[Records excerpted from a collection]
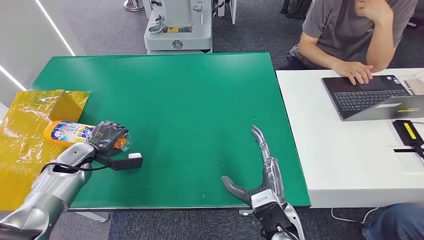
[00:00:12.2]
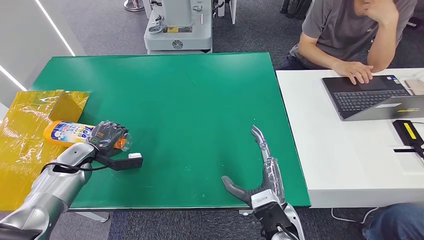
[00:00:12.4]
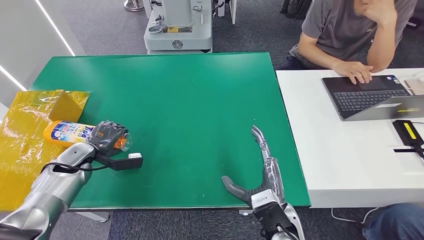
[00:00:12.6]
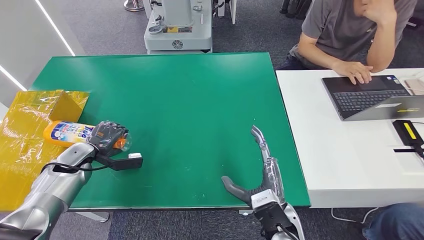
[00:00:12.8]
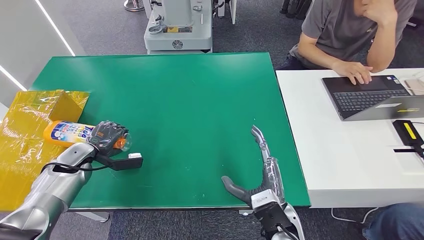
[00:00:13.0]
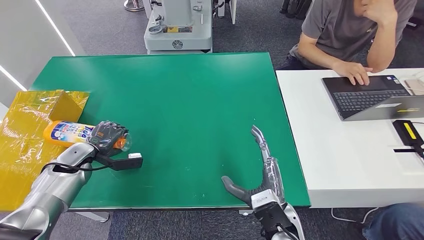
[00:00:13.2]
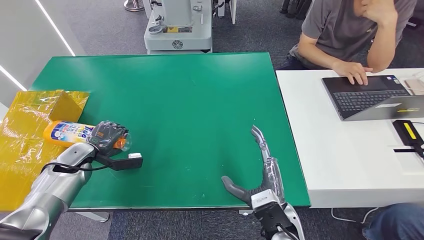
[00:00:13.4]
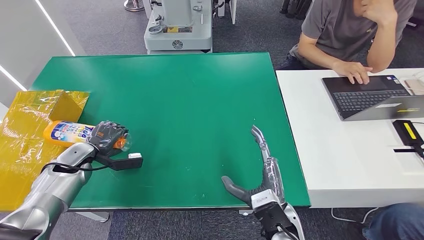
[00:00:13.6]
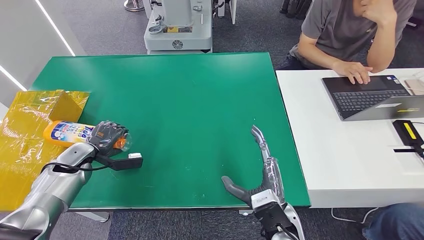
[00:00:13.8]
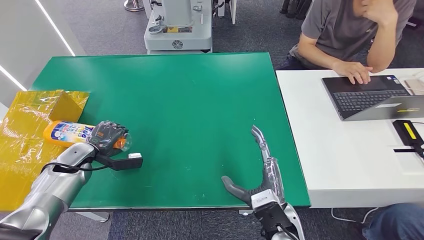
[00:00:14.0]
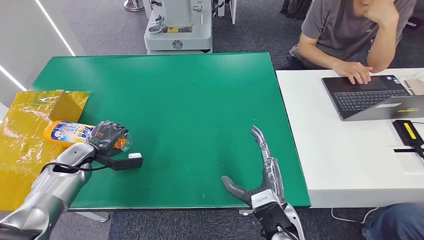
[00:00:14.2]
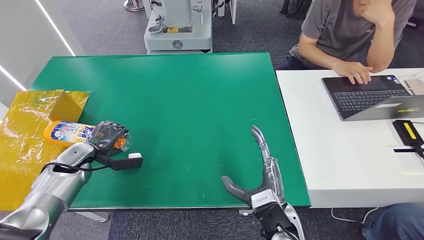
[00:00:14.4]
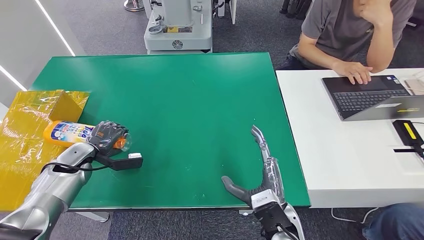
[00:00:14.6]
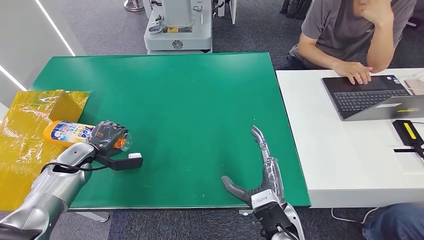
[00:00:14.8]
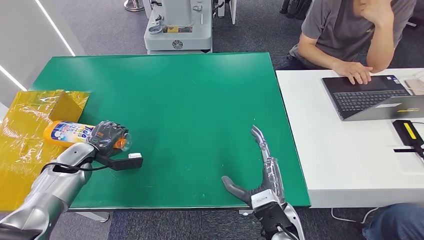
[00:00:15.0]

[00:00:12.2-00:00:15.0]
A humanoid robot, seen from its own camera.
00:00:12.2 to 00:00:15.0: Both hands stay put.
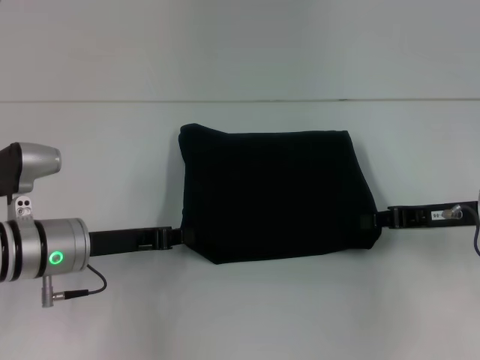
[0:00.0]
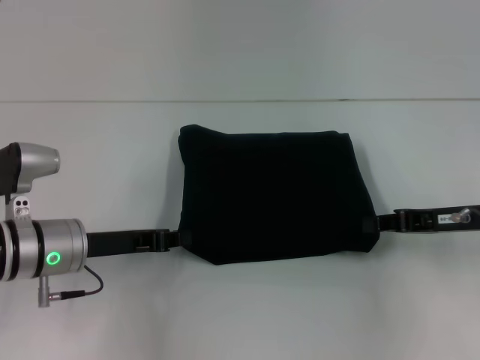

THE PROBLEM -
Copy the data above word for word. Pictures stay out.

WORKED SOLUTION -
[00:00:12.2]
[00:00:12.4]
[00:00:12.6]
[00:00:12.8]
[00:00:13.0]
[00:00:13.2]
[00:00:13.4]
[00:00:13.6]
[00:00:13.8]
[00:00:14.0]
[00:00:14.2]
[00:00:14.4]
[00:00:14.6]
[00:00:14.8]
[00:00:15.0]

[00:00:12.2-00:00:15.0]
A humanoid robot, seen from its own camera.
00:00:12.2 to 00:00:15.0: Both hands stay put.
[0:00.0]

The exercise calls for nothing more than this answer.